Justicia contra femincidios frenada por machismo de jueces en Oaxaca

EMILIO MORALESEMILIO MORALES

Protesta contra los feminicidios.

No sólo son asesinadas, las instancias encargadas de la investigación de los crímenes y de la procuración de justicia contribuyen a criminalizar a las víctimas y hasta justificar su muerte. La actuación de la Fiscalía General del Estado y del Tribunal Superior de Justicia del Estado (TSJE) raya en la “impunidad institucional”, afirmó Yésica Sánchez Maya, integrante de Consorcio para el Diálogo Parlamentario y la Equidad.
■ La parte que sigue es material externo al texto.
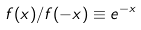<formula> <loc_0><loc_0><loc_500><loc_500>f ( x ) / f ( - x ) \equiv e ^ { - x }</formula>

Las indagatorias y el castigo a los responsables, afirmó, pasan por la actitud que calificó como machistas y sexistas, incluso las familias de las víctimas son criminalizadas.

"El proceso de investigación y de acceso a la justicia en el caso de un feminicidio – asesinato de una mujer por razones de género –, las fallas en el sistema judicial no sólo son evidentes, sino que se enfrentan a actitudes machistas de los jueces".

En primer lugar, señaló la activista, los jueces muestran su incapacidad para clasificar el homicidio de una mujer de esta manera pese al protocolo diseñado para ello.

“De entrada, toda muerte violenta de una mujer debe investigarse en principio como feminicidio, y en el proceso descartarse o no, si cumple con las características de este tipo de delitos”.

Según su opinión, buscan de cualquier manera no clasificarlo de esa manera para evitar que las estadísticas en feminicidios. “Están obstinados”, aseguró, “en maquillar la realidad”. El conteo de las organizaciones de la sociedad civil, en el gobierno de Alejandro Murat Hinojosa hasta marzo, van 33 casos; mientras que el gobierno de Gabino Cué Monteagudo, cerró con un total de 527.

La actitud machista y sexista de los jueces se advierte, explicó, cuando admiten pruebas de los feminicidas que buscan desacreditar el honor y la dignidad de la víctima. Como en el caso de la joven Dafne Carreño Bengochea, donde la defensa de su asesino Enrique Rivera López ha tratado incluso de afirmar que fue en defensa propia.

“Este es el primer caso de feminicidio – de acuerdo a la nuevo código penal en Oaxaca – en donde incluso se ha victimizado a la madre y los jueces han entrado en un rejuego para retrasar la impartición de justicia”.

Algunos casos, como los ocurridos en la región de la Mixteca, los jueces han reclasificado los feminicidios como homicidios calificados; mientras que la Fiscalía General del Estado no libera las órdenes de aprehensión.

En segundo término, desde el año 2013 la Fiscalía no ha conformado el Comité Interinstitucional para la Evaluación de la Implementación del Protocolo para la Investigación de los Feminicidios. Para Yésica Sánchez esto es una clara intención de no poner a la luz las fallas en las investigaciones y en la procuración de justicia, ya que no aplican ni el 15 por ciento de lo que se establece en el protocolo diseñado para este fin.

El caso de la joven Ivonne Berenice, es otro ejemplo de la negligencia de la Fiscalía de acuerdo con la activista. Pese a que la familia ha contratado a investigadores privados y dado la ubicación del responsable, la dependencia estatal no ha actuado ni liberado la orden de aprehensión contra el presunto responsable.

Llamar a cuentas al fiscal

Yésica Sánchez, integrante de Consorcio para la Equidad y el Diálogo Parlamentario, exigió al Congreso del Estado de Oaxaca a llamar a cuentas a los titulares de la Fiscalía General del Estado y del Tribunal Superior del Estado (TSJE), Héctor Joaquín Carrillo Ruiz y Raúl Bolaños Cacho, respectivamente, e informen sobre los homicidios de mujeres por razones de género.

La opacidad de las instituciones de gobierno en este tema es una constante y no hay otra forma de saber cuántas averiguaciones previas, órdenes de aprehensión, consignaciones y sentencias, existen en los casos de feminicidios.